**Records for this exercise**
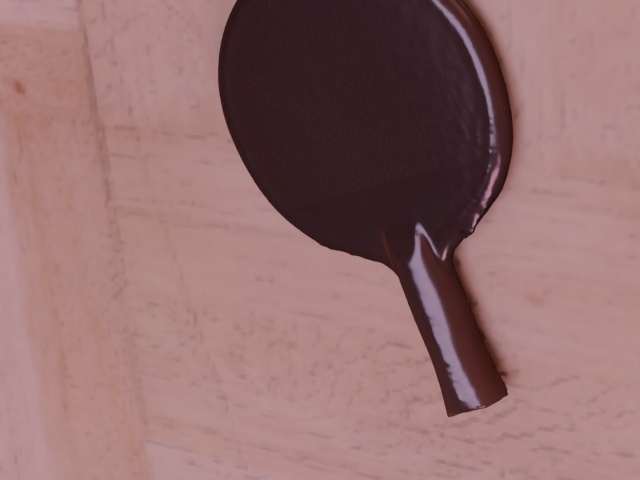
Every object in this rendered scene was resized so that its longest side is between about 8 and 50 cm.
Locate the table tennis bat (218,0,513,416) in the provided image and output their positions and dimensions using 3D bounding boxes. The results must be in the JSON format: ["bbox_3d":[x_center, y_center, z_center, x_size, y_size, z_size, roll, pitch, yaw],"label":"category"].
[{"bbox_3d":[0.000,0.000,0.506,0.107,0.119,0.170,-15,104,36],"label":"table tennis bat"}]
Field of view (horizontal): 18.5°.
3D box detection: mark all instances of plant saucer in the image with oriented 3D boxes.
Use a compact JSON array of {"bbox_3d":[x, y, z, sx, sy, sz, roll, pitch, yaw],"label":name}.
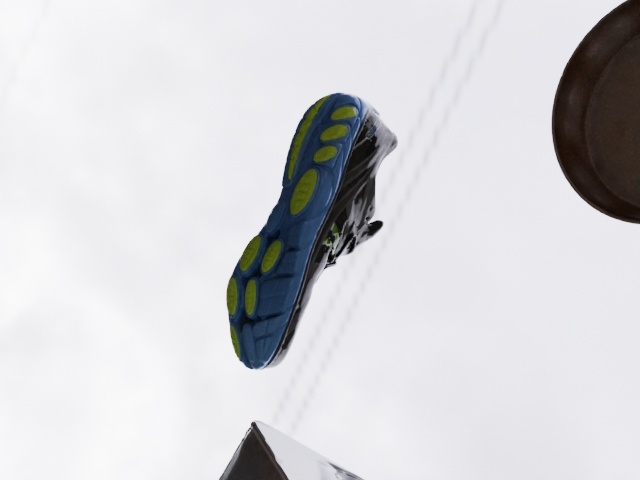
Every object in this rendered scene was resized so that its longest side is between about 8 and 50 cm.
[{"bbox_3d":[0.231,-0.086,1.279,0.168,0.029,0.168,-13,-114,29],"label":"plant saucer"}]

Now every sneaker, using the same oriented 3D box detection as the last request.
[{"bbox_3d":[0.000,0.000,1.264,0.067,0.078,0.188,17,-99,51],"label":"sneaker"}]

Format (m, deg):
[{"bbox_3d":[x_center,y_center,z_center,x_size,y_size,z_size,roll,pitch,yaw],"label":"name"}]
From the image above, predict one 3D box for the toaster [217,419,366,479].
[{"bbox_3d":[0.014,0.161,0.479,0.185,0.168,0.110,-59,-166,-2],"label":"toaster"}]
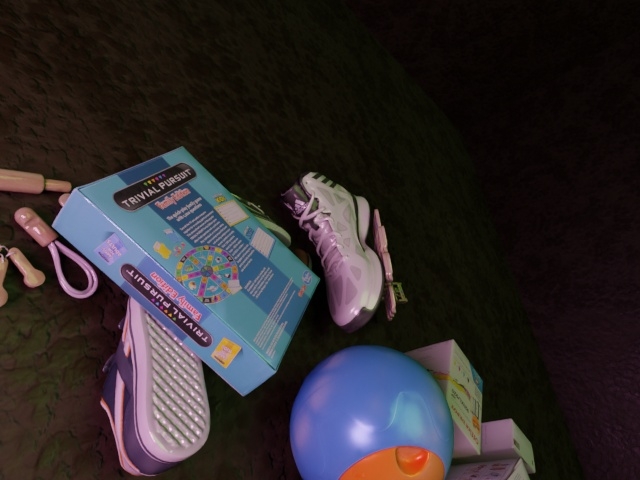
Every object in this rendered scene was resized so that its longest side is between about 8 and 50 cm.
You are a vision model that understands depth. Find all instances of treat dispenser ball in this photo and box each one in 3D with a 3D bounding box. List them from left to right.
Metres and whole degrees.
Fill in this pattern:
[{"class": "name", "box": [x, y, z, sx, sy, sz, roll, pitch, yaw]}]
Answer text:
[{"class": "treat dispenser ball", "box": [0.089, 0.334, 0.762, 0.288, 0.288, 0.288, 33, 42, -37]}]

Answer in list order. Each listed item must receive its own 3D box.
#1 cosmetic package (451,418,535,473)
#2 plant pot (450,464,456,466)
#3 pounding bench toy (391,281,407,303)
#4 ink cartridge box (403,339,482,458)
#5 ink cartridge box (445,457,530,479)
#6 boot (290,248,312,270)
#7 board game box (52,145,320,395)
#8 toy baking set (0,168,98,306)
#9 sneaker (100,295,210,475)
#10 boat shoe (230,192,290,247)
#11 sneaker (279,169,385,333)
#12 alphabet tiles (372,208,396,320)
[{"class": "cosmetic package", "box": [0.414, 0.545, 1.110, 0.117, 0.231, 0.086, 50, 34, -19]}, {"class": "plant pot", "box": [0.360, 0.606, 0.977, 0.205, 0.187, 0.205, -20, 90, -77]}, {"class": "pounding bench toy", "box": [0.228, 0.161, 1.299, 0.083, 0.052, 0.065, 8, 60, -52]}, {"class": "ink cartridge box", "box": [0.304, 0.415, 1.111, 0.171, 0.168, 0.233, 53, 34, -15]}, {"class": "ink cartridge box", "box": [0.268, 0.588, 0.805, 0.130, 0.309, 0.272, 4, 63, -52]}, {"class": "boot", "box": [-0.165, 0.028, 0.830, 0.280, 0.096, 0.264, 48, 52, -13]}, {"class": "board game box", "box": [-0.171, 0.027, 0.657, 0.336, 0.079, 0.254, 44, 26, -7]}, {"class": "toy baking set", "box": [-0.398, -0.008, 0.586, 0.256, 0.030, 0.197, -5, 73, -55]}, {"class": "sneaker", "box": [-0.234, 0.158, 0.607, 0.126, 0.127, 0.321, 27, 34, -35]}, {"class": "boat shoe", "box": [-0.149, -0.048, 0.909, 0.219, 0.077, 0.070, 30, 45, -37]}, {"class": "sneaker", "box": [-0.001, 0.000, 1.040, 0.257, 0.169, 0.448, 30, 36, -27]}, {"class": "alphabet tiles", "box": [0.164, 0.070, 1.154, 0.284, 0.021, 0.278, 78, 4, -71]}]
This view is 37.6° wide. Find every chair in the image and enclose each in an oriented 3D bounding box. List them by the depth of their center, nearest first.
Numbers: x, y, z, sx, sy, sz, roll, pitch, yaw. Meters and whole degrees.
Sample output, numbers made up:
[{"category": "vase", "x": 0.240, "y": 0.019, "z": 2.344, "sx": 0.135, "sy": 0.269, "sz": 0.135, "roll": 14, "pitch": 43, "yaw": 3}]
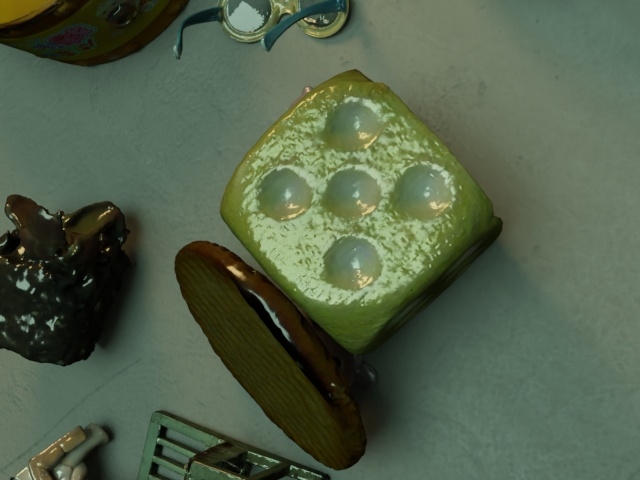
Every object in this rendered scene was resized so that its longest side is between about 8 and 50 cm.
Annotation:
[{"category": "chair", "x": -0.144, "y": 0.322, "z": 1.171, "sx": 0.270, "sy": 0.147, "sz": 0.136, "roll": 16, "pitch": 95, "yaw": 22}]

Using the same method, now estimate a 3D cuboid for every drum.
[{"category": "drum", "x": -0.363, "y": -0.456, "z": 1.269, "sx": 0.431, "sy": 0.214, "sz": 0.431, "roll": -1, "pitch": 88, "yaw": 23}]

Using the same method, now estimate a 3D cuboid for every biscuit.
[{"category": "biscuit", "x": -0.059, "y": 0.131, "z": 1.079, "sx": 0.040, "sy": 0.318, "sz": 0.318, "roll": -36, "pitch": 70, "yaw": -22}]

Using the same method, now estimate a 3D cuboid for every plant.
[{"category": "plant", "x": -0.360, "y": 0.041, "z": 1.256, "sx": 0.178, "sy": 0.204, "sz": 0.234, "roll": 17, "pitch": 105, "yaw": 14}]

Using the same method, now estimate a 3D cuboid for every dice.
[{"category": "dice", "x": 0.046, "y": -0.026, "z": 1.030, "sx": 0.227, "sy": 0.238, "sz": 0.233, "roll": -44, "pitch": 78, "yaw": 3}]

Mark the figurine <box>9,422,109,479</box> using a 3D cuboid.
[{"category": "figurine", "x": -0.304, "y": 0.374, "z": 1.255, "sx": 0.237, "sy": 0.141, "sz": 0.162, "roll": 53, "pitch": 144, "yaw": 15}]

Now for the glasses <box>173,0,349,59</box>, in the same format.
[{"category": "glasses", "x": -0.078, "y": -0.253, "z": 1.154, "sx": 0.189, "sy": 0.220, "sz": 0.088, "roll": 2, "pitch": 127, "yaw": 23}]

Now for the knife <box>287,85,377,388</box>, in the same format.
[{"category": "knife", "x": 0.000, "y": 0.000, "z": 1.181, "sx": 0.132, "sy": 0.038, "sz": 0.399, "roll": -5, "pitch": 85, "yaw": 21}]

**Work instructions**
Show every line of the listing in which the string "view" can be found.

**Response to the task**
Field of view (horizontal): 18.5°.
This view is 37.6° wide. Find every chair in the image and enclose each in an oriented 3D bounding box. List them by the depth of their center, nearest first.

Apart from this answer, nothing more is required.